For those of a superstitious disposition, avoid coming here on the first day of November, for that is celebrated as All Souls Day. It is believed by many to be the occasion when the spirits of the village dead return to visit their old homes…….and probably whinge about how things ‘aren’t the way they used to be’ and how today’s generation have ‘let the place go’.
Quite why they’ve all got to come back on the same day I don’t know. You’d think they’d spread it out a bit. Maybe there’s only one bus.
The more popular cause for a visit to Bicycle village must be the parish church of Mae De Deus, a fabulous white wedding cake of a church in glorious gothic tradition which has sat north of the Chogm Road for 130 years. The buttresses are peaked with long white spires and the belltower above the entrance adorned with what looks like a blanched Eiffel Tower. You’ll know what I mean when you see it. You’ll have to visit twice though because at night it is floodlit and spectacular. Blueish white at the front and with an orange warmth down each side. Of perfect proportion, if I were a churchy type of person, this would be my favourite by a mile.
‘What time do you finish today Raj?’ Hannah enquires.
‘Binish when I drop you off and go home’ he replies as he unbuttons the ‘white’ shirt again. Binish isn’t a typo here, I’ve noticed that a number if Indians have trouble pronouncing F’s.
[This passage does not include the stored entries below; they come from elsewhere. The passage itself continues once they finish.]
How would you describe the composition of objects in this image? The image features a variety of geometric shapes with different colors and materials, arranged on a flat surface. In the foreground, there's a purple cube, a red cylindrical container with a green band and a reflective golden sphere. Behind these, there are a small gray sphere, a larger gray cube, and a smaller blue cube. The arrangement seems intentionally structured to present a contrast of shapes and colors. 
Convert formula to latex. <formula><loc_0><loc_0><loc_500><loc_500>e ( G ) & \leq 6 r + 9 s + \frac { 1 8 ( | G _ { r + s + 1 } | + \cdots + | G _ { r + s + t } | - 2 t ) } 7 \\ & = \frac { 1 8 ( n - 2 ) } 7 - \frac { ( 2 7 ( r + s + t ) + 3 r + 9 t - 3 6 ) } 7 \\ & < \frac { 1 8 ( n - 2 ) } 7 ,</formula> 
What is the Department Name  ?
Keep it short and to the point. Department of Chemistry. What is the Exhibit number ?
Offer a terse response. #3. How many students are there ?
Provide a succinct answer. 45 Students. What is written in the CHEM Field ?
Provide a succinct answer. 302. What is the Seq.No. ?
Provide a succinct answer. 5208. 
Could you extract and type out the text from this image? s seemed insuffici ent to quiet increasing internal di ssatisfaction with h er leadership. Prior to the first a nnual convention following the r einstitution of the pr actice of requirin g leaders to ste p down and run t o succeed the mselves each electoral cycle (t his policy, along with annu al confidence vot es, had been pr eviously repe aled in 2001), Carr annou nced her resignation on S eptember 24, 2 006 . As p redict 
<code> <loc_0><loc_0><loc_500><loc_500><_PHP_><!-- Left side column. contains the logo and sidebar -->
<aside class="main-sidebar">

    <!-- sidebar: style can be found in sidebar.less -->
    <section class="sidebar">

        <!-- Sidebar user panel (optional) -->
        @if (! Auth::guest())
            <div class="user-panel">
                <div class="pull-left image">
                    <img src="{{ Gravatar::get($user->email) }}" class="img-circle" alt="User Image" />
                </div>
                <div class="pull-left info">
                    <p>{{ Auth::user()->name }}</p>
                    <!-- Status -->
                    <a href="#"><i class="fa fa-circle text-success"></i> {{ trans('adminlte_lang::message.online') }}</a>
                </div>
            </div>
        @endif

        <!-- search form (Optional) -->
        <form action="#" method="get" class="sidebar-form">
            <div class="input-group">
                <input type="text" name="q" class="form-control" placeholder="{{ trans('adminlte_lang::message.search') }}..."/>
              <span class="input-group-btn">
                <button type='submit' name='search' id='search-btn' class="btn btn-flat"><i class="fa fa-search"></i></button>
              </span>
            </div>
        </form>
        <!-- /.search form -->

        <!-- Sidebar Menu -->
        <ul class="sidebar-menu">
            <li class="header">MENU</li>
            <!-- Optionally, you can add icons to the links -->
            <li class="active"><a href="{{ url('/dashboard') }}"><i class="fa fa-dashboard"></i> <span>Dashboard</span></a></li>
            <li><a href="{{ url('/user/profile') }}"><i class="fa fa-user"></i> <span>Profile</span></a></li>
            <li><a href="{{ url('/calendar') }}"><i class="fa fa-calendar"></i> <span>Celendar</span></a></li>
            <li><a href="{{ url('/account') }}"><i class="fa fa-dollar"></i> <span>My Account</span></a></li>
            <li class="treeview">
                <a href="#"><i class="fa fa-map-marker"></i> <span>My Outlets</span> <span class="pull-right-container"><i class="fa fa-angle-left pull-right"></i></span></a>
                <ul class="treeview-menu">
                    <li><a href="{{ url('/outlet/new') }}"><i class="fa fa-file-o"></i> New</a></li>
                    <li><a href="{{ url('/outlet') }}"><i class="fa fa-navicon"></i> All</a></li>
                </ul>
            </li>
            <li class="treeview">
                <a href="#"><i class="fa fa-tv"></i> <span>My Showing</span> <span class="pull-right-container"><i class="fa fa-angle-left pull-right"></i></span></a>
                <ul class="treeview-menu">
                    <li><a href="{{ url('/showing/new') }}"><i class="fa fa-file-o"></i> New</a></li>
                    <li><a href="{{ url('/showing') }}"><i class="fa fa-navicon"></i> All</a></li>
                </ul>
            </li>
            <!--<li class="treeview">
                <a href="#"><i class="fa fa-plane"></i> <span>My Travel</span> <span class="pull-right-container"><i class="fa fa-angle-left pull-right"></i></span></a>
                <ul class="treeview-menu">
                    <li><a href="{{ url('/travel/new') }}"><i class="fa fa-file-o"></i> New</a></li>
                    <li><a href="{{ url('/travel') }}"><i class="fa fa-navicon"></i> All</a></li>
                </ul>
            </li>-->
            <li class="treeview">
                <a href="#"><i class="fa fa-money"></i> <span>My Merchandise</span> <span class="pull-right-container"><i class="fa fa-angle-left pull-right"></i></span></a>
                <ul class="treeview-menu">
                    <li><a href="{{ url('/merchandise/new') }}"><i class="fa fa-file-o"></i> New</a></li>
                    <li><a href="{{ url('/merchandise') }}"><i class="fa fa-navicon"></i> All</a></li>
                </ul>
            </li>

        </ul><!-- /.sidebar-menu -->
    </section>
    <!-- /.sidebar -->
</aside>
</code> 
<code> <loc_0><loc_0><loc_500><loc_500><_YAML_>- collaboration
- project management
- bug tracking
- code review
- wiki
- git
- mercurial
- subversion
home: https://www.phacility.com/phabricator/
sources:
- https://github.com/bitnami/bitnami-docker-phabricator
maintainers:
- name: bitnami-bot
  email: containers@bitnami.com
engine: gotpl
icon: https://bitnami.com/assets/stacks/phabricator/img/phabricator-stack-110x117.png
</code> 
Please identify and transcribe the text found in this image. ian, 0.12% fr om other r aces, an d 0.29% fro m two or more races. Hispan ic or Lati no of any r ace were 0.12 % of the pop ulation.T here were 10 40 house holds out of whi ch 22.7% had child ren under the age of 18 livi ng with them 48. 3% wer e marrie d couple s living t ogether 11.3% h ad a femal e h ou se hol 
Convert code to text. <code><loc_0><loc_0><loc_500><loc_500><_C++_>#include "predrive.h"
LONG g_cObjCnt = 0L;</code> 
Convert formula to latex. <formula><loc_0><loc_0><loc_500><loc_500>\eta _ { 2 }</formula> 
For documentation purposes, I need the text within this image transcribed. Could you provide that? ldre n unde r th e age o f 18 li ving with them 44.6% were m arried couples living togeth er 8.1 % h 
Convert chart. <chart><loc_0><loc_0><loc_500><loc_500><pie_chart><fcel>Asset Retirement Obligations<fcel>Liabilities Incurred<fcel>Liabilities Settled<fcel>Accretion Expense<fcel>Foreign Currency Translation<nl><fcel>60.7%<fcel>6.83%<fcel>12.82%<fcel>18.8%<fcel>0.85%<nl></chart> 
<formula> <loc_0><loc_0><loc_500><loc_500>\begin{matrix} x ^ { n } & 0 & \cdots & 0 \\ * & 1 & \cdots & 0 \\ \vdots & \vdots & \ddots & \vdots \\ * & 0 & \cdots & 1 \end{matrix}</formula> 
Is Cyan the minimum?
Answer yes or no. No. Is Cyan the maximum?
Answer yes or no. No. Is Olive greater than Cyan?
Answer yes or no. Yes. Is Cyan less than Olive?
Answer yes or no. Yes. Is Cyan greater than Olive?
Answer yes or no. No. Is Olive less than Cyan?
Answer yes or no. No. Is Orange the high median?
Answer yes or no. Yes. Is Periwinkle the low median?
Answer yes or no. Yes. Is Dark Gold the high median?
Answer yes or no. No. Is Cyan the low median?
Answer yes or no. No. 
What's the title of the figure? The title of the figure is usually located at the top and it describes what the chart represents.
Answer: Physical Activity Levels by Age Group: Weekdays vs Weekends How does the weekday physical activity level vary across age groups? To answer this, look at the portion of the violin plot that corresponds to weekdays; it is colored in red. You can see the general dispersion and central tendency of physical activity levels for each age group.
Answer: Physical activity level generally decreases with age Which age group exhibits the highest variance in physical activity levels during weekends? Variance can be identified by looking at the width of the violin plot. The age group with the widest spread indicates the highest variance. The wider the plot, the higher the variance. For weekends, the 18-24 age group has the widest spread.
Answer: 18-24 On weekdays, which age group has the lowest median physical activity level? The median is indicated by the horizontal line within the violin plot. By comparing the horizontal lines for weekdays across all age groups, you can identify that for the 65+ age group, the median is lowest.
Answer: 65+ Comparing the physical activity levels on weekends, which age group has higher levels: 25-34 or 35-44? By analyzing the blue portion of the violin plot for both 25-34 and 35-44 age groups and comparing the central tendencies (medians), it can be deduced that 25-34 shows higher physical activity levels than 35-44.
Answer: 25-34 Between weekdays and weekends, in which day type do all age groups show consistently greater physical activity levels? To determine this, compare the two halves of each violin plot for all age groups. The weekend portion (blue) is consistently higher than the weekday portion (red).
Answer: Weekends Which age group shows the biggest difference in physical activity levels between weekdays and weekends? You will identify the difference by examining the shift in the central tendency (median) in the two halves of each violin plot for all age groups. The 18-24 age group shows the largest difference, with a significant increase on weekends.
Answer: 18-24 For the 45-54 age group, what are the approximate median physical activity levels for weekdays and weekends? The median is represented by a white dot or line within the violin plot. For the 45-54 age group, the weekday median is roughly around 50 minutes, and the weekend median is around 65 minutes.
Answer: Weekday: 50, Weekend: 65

There’s got to be a joke in there somewhere, I think, but not one that doesn’t involve lavish use of the Anglo-Saxon dictionary.
‘Easy life’ H quips.
‘Easy life, easy life, easy life, haha’ Raj sings although I struggle to recognise the tune and feel sure Robbie Williams needn’t worry. Taxi drivers working out of Dabolim only tend to take one fare in a day. Because of the number of cabs there, they stand little chance of getting to the front of the queue again.